*** Opening Data extract ***
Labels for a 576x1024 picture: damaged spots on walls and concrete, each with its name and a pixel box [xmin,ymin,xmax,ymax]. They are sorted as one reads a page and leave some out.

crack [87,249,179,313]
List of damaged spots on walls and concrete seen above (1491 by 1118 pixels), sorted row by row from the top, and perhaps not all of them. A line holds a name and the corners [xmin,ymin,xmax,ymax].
*** Closing Data extract ***
*** Opening Data extract ***
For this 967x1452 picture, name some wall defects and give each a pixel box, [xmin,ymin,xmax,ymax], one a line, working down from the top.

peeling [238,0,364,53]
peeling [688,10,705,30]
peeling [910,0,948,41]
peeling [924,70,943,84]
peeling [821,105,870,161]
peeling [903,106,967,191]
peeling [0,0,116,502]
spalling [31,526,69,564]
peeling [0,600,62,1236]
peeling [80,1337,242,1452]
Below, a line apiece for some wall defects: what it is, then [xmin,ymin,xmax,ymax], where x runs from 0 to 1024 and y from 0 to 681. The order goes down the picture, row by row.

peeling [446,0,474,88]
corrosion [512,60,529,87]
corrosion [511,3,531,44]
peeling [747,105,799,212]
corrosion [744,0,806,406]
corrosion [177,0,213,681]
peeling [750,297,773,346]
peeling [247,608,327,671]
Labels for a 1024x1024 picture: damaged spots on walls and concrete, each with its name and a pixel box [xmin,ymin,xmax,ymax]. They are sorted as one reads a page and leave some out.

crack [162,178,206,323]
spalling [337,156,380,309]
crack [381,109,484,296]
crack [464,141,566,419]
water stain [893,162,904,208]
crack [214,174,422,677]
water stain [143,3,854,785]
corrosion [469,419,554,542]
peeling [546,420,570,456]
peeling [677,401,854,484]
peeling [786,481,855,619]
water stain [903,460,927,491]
*** Closing Data extract ***
Reprint exactly the lines above that start at the one with "Labels for a 576x1024" and end at the one with "List of damaged", keeping both and adding none.

Labels for a 576x1024 picture: damaged spots on walls and concrete, each with its name and a pixel box [xmin,ymin,xmax,ymax]. They are sorted as one reads a page and leave some out.

crack [87,249,179,313]
List of damaged spots on walls and concrete seen above (1491 by 1118 pixels), sorted row by row from the top, and perhaps not all of them. A line holds a name and the corners [xmin,ymin,xmax,ymax].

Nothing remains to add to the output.